Suppose we have matrix $$Y$$ of observations, for example user-item ratings, interaction values between drugs and protein targets, or the adjacency matrix of a food web. If we expect that the values of $$Y$$ are corrupted or if $$Y$$ is incomplete, we need to re-estimate $$Y$$ by a hopefully better matrix $$X$$. In machine learning, such problems are approached by solving an empirical risk minimization problem (ERMP):

$\min_X l(Y, X) +\lambda \cdot h(X)\,.$

This optimization problem has typically three parts:

• a loss function $$l(\cdot, \cdot)$$ which quantifies how well the matrix $$X$$ approximates our observed matrix $$Y$$;

• a regularization function $$h(\cdot)$$, which we can use to impose some structure on the matrix $$X$$;

• a regularization parameter $$\lambda$$, a dial to adjust the relative trade-off between the two terms above.

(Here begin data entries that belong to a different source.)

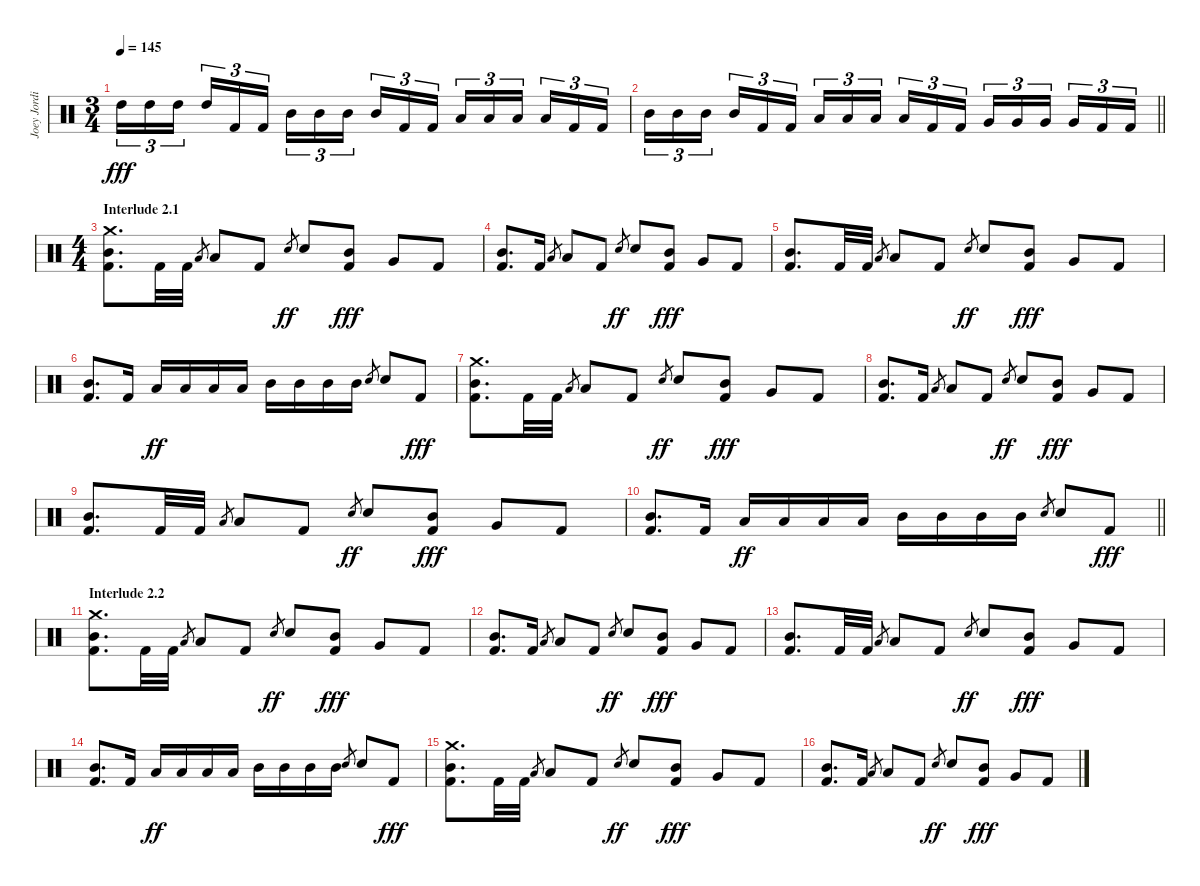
\track ("Joey Jordison" "Joey Jordi") {instrument percussion}
\staff {score}
\articulation defaults
\ts (3 4)
\tempo 145
\clef neutral
\ks c "High Tom (hit)".16{tu (3 2) dy fff} "High Tom (hit)".16{tu (3 2)} "High Tom (hit)".16{tu (3 2) beam splitsecondary} "High Tom (hit)".16{tu (3 2)} "Kick (hit) 2".16{tu (3 2)} "Kick (hit) 2".16{tu (3 2)} "Mid Tom (hit)".16{tu (3 2)} "Mid Tom (hit)".16{tu (3 2)} "Mid Tom (hit)".16{tu (3 2) beam splitsecondary} "Mid Tom (hit)".16{tu (3 2)} "Kick (hit) 2".16{tu (3 2)} "Kick (hit) 2".16{tu (3 2)} "Low Tom (hit)".16{tu (3 2)} "Low Tom (hit)".16{tu (3 2)} "Low Tom (hit)".16{tu (3 2) beam splitsecondary} "Low Tom (hit)".16{tu (3 2)} "Kick (hit) 2".16{tu (3 2)} "Kick (hit) 2".16{tu (3 2)}
|
\barLineRight lightlight "Mid Tom (hit)".16{tu (3 2)} "Mid Tom (hit)".16{tu (3 2)} "Mid Tom (hit)".16{tu (3 2) beam splitsecondary} "Mid Tom (hit)".16{tu (3 2)} "Kick (hit) 2".16{tu (3 2)} "Kick (hit) 2".16{tu (3 2)} "Low Tom (hit)".16{tu (3 2)} "Low Tom (hit)".16{tu (3 2)} "Low Tom (hit)".16{tu (3 2) beam splitsecondary} "Low Tom (hit)".16{tu (3 2)} "Kick (hit) 2".16{tu (3 2)} "Kick (hit) 2".16{tu (3 2)} "Very Low Tom (hit)".16{tu (3 2)} "Very Low Tom (hit)".16{tu (3 2)} "Very Low Tom (hit)".16{tu (3 2) beam splitsecondary} "Very Low Tom (hit)".16{tu (3 2)} "Kick (hit) 2".16{tu (3 2)} "Kick (hit) 2".16{tu (3 2)}
|
\ts (4 4)
\section ("" "Interlude 2.1")
("Crash medium (hit)" "Mid Tom (hit)" "Kick (hit) 2").8{d} "Kick (hit) 2".32 "Kick (hit) 2".32 "Low Tom (hit)".8{gr} "Low Tom (hit)".8 "Kick (hit) 2".8 "Electric Snare (hit)".8{gr dy ff} "Electric Snare (hit)".8 ("Mid Tom (hit)" "Kick (hit) 2").8{dy fff} "Very Low Tom (hit)".8 "Kick (hit) 2".8 |
("Mid Tom (hit)" "Kick (hit) 2").8{d} "Kick (hit) 2".16 "Low Tom (hit)".8{gr} "Low Tom (hit)".8 "Kick (hit) 2".8 "Electric Snare (hit)".8{gr dy ff} "Electric Snare (hit)".8 ("Mid Tom (hit)" "Kick (hit) 2").8{dy fff} "Very Low Tom (hit)".8 "Kick (hit) 2".8 |
("Mid Tom (hit)" "Kick (hit) 2").8{d} "Kick (hit) 2".32 "Kick (hit) 2".32 "Low Tom (hit)".8{gr} "Low Tom (hit)".8 "Kick (hit) 2".8 "Electric Snare (hit)".8{gr dy ff} "Electric Snare (hit)".8 ("Mid Tom (hit)" "Kick (hit) 2").8{dy fff} "Very Low Tom (hit)".8 "Kick (hit) 2".8 |
("Mid Tom (hit)" "Kick (hit) 2").8{d} "Kick (hit) 2".16 "Low Tom (hit)".16{dy ff} "Low Tom (hit)".16 "Low Tom (hit)".16 "Low Tom (hit)".16 "Mid Tom (hit)".16 "Mid Tom (hit)".16 "Mid Tom (hit)".16 "Mid Tom (hit)".16 "Electric Snare (hit)".8{gr} "Electric Snare (hit)".8 "Kick (hit) 2".8{dy fff} |
("Crash medium (hit)" "Mid Tom (hit)" "Kick (hit) 2").8{d} "Kick (hit) 2".32 "Kick (hit) 2".32 "Low Tom (hit)".8{gr} "Low Tom (hit)".8 "Kick (hit) 2".8 "Electric Snare (hit)".8{gr dy ff} "Electric Snare (hit)".8 ("Mid Tom (hit)" "Kick (hit) 2").8{dy fff} "Very Low Tom (hit)".8 "Kick (hit) 2".8 |
("Mid Tom (hit)" "Kick (hit) 2").8{d} "Kick (hit) 2".16 "Low Tom (hit)".8{gr} "Low Tom (hit)".8 "Kick (hit) 2".8 "Electric Snare (hit)".8{gr dy ff} "Electric Snare (hit)".8 ("Mid Tom (hit)" "Kick (hit) 2").8{dy fff} "Very Low Tom (hit)".8 "Kick (hit) 2".8 |
("Mid Tom (hit)" "Kick (hit) 2").8{d} "Kick (hit) 2".32 "Kick (hit) 2".32 "Low Tom (hit)".8{gr} "Low Tom (hit)".8 "Kick (hit) 2".8 "Electric Snare (hit)".8{gr dy ff} "Electric Snare (hit)".8 ("Mid Tom (hit)" "Kick (hit) 2").8{dy fff} "Very Low Tom (hit)".8 "Kick (hit) 2".8 |
\barLineRight lightlight
("Mid Tom (hit)" "Kick (hit) 2").8{d} "Kick (hit) 2".16 "Low Tom (hit)".16{dy ff} "Low Tom (hit)".16 "Low Tom (hit)".16 "Low Tom (hit)".16 "Mid Tom (hit)".16 "Mid Tom (hit)".16 "Mid Tom (hit)".16 "Mid Tom (hit)".16 "Electric Snare (hit)".8{gr} "Electric Snare (hit)".8 "Kick (hit) 2".8{dy fff} |
\section ("" "Interlude 2.2")
("Crash medium (hit)" "Mid Tom (hit)" "Kick (hit) 2").8{d} "Kick (hit) 2".32 "Kick (hit) 2".32 "Low Tom (hit)".8{gr} "Low Tom (hit)".8 "Kick (hit) 2".8 "Electric Snare (hit)".8{gr dy ff} "Electric Snare (hit)".8 ("Mid Tom (hit)" "Kick (hit) 2").8{dy fff} "Very Low Tom (hit)".8 "Kick (hit) 2".8 |
("Mid Tom (hit)" "Kick (hit) 2").8{d} "Kick (hit) 2".16 "Low Tom (hit)".8{gr} "Low Tom (hit)".8 "Kick (hit) 2".8 "Electric Snare (hit)".8{gr dy ff} "Electric Snare (hit)".8 ("Mid Tom (hit)" "Kick (hit) 2").8{dy fff} "Very Low Tom (hit)".8 "Kick (hit) 2".8 |
("Mid Tom (hit)" "Kick (hit) 2").8{d} "Kick (hit) 2".32 "Kick (hit) 2".32 "Low Tom (hit)".8{gr} "Low Tom (hit)".8 "Kick (hit) 2".8 "Electric Snare (hit)".8{gr dy ff} "Electric Snare (hit)".8 ("Mid Tom (hit)" "Kick (hit) 2").8{dy fff} "Very Low Tom (hit)".8 "Kick (hit) 2".8 |
("Mid Tom (hit)" "Kick (hit) 2").8{d} "Kick (hit) 2".16 "Low Tom (hit)".16{dy ff} "Low Tom (hit)".16 "Low Tom (hit)".16 "Low Tom (hit)".16 "Mid Tom (hit)".16 "Mid Tom (hit)".16 "Mid Tom (hit)".16 "Mid Tom (hit)".16 "Electric Snare (hit)".8{gr} "Electric Snare (hit)".8 "Kick (hit) 2".8{dy fff} |
("Crash medium (hit)" "Mid Tom (hit)" "Kick (hit) 2").8{d} "Kick (hit) 2".32 "Kick (hit) 2".32 "Low Tom (hit)".8{gr} "Low Tom (hit)".8 "Kick (hit) 2".8 "Electric Snare (hit)".8{gr dy ff} "Electric Snare (hit)".8 ("Mid Tom (hit)" "Kick (hit) 2").8{dy fff} "Very Low Tom (hit)".8 "Kick (hit) 2".8 |
("Mid Tom (hit)" "Kick (hit) 2").8{d} "Kick (hit) 2".16 "Low Tom (hit)".8{gr} "Low Tom (hit)".8 "Kick (hit) 2".8 "Electric Snare (hit)".8{gr dy ff} "Electric Snare (hit)".8 ("Mid Tom (hit)" "Kick (hit) 2").8{dy fff} "Very Low Tom (hit)".8 "Kick (hit) 2".8

For the loss function, there are plenty of options, depending on the nature of the data (regression, classification, many outliers...). We will just focus on the vanilla squared loss:

$l(Y, X) = \sum_{i,j}(Y_{ij}-X_{ij})^2\,,$

which is most appropriate if the elements of $$Y$$ are real-valued and meausurement errors are close to normally distributed. Note that if not all the values of $$Y$$ are observed, we can trivially deal with this by just taking the sum only over the values that are sampled.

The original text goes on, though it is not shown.